Réponse 1:

Le conservatisme fiscal est tout simplement ce que les progressistes appellent le libéralisme fiscal pour éviter la dissonance cognitive qu'ils se sont appelés à être libéraux malgré tout leur siècle et une troisième existence consacrée à lutter de front contre le libéralisme. Les progressistes privilégient l'économie keynésienne comme approche budgétaire (récemment mise à jour vers la nouvelle économie keynésienne après son échec spectaculaire dans l'administration Carter).

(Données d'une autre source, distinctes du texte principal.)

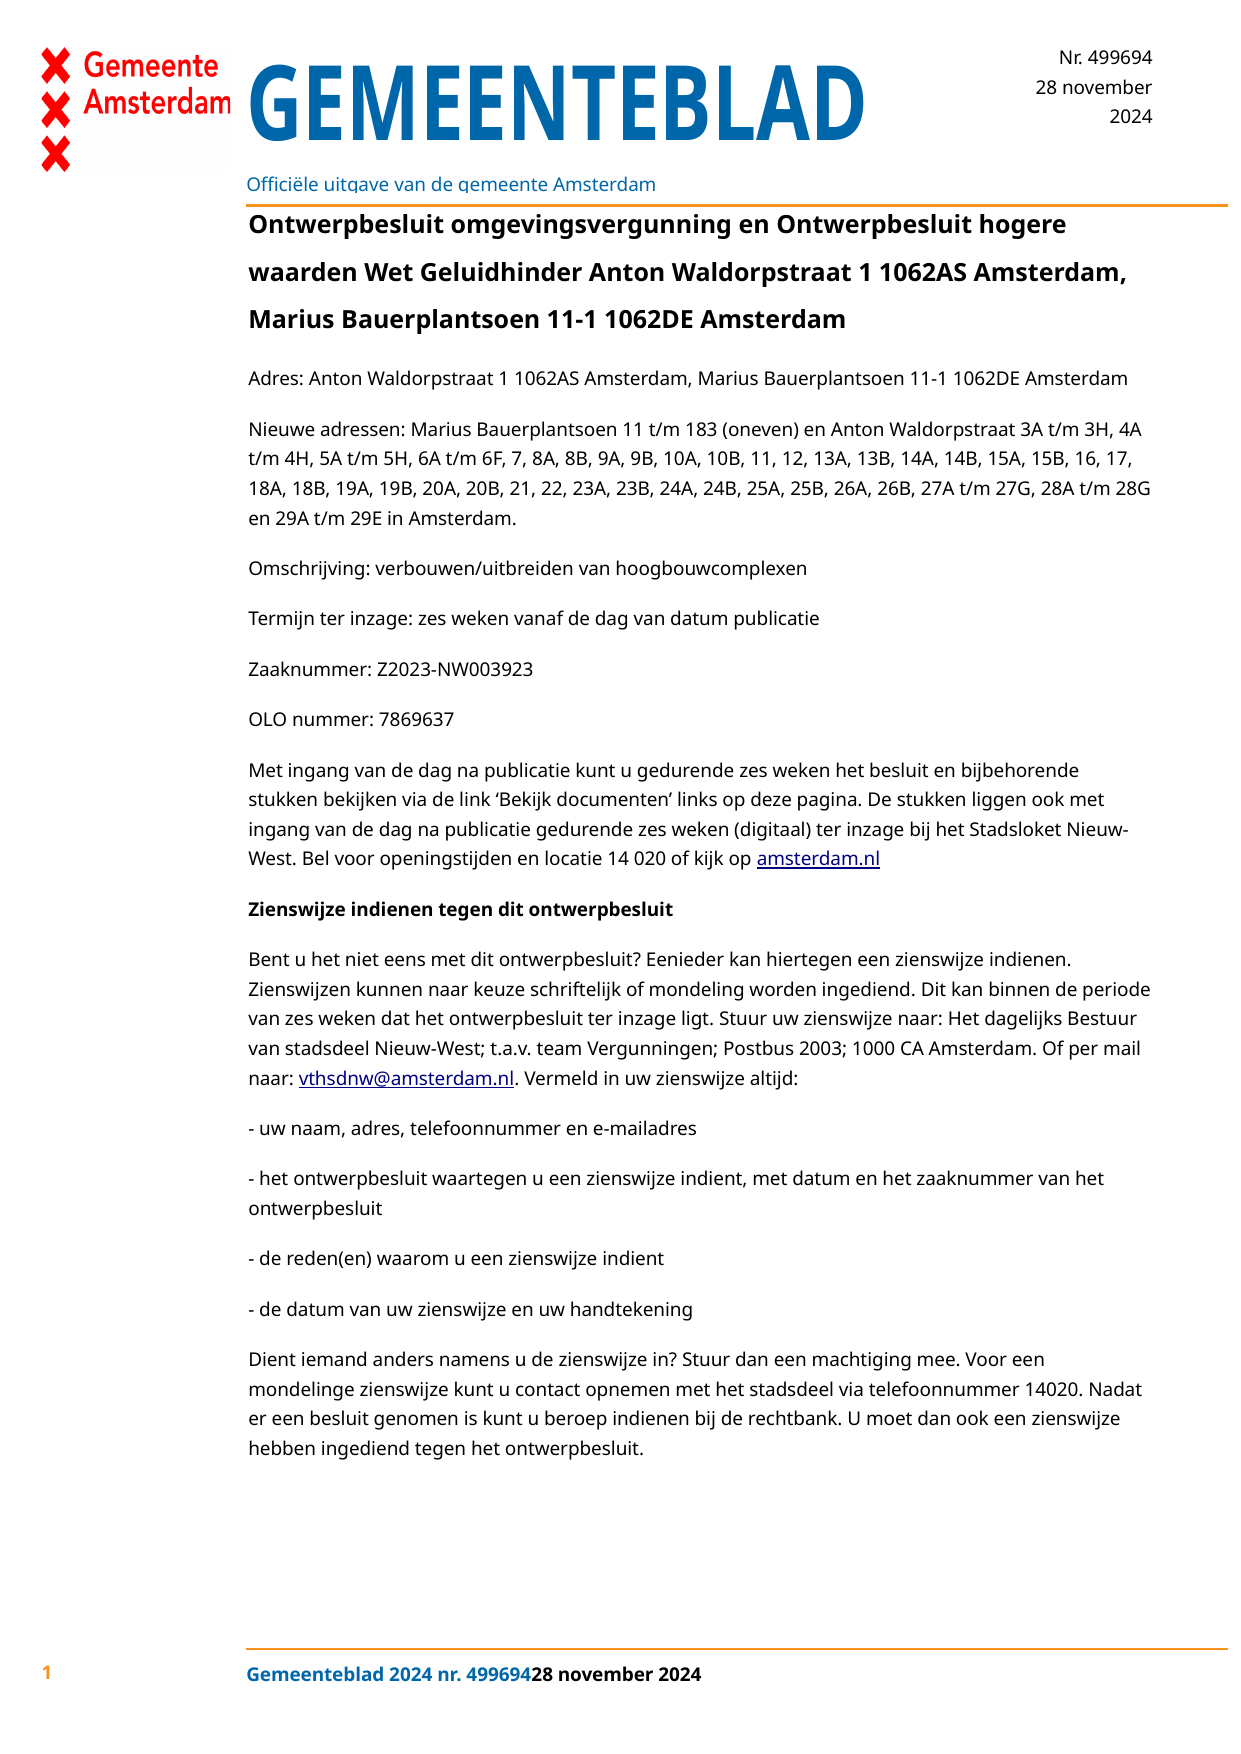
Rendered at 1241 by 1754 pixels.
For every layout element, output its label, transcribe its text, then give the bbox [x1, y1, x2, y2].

Le baron Keynes, un peu libéral au départ, estimait que la social-démocratie (la forme de gouvernement préférée par les progressistes de gauche) offrait le meilleur compromis entre le gouvernement libéral et les extrêmes socialistes de droite du communisme (fasciste léniniste-stalinien) et du fascisme. La social-démocratie utilise une fiscalité élevée et graduée, plus la redistribution comme moyen de «justice sociale». Le but de l'économie de Keynes est simplement d'offrir des justifications pour le contrôle politique de l'économie à la place de la préférence libérale plus largement réussie pour les approches de laisser-faire.

Quant à Otto von Bismarck, un prince lui-même, il était un monarchiste rigoureux. Avec son objectif étant d'unifier l'Allemagne sous le règne des Hohenzollern et avec le peuple sous l'emprise des promesses de réforme à la fois libérales et sociales-démocrates, Bismarck a simplement coopté ces plateformes, les poussant à travers lui-même au nom du Kaiser. Cela est devenu le fondement du bon socialisme alors que les sociaux-démocrates allemands (le SPD) ont pris le pouvoir de l'État (tout à fait contrairement aux prescriptions de Marx), tout comme le communisme et le fascisme par la suite. Bref, Bismarck, ni libéral ni progressiste, a exploité des programmes libéraux et progressistes pour promouvoir le monarchisme.


Réponse 2:

Ces «ismes» n'ont pas vraiment beaucoup de sens. Les soi-disant «conservateurs fiscaux» sont ceux qui ont détruit l'économie sous Bush II et ont depuis lors entravé toutes les tentatives de réparer les dégâts. On pourrait difficilement qualifier cette destruction de l'économie d'autre chose que de «folie» fiscale. D'autant plus que tout ce qu'il faudrait pour restaurer l'économie serait le renversement des politiques dites «fiscalement conservatrices» qui l'ont provoquée en premier lieu.

Les autres termes, «libéralisme fiscal et progressisme fiscal» n'ont aucun sens pratique. L'utilisation d'une telle terminologie suggère qu'il existe un modèle de réussite économique qui, s'il était suivi, produirait de meilleurs résultats.

Un tel «isme» n'existe tout simplement pas.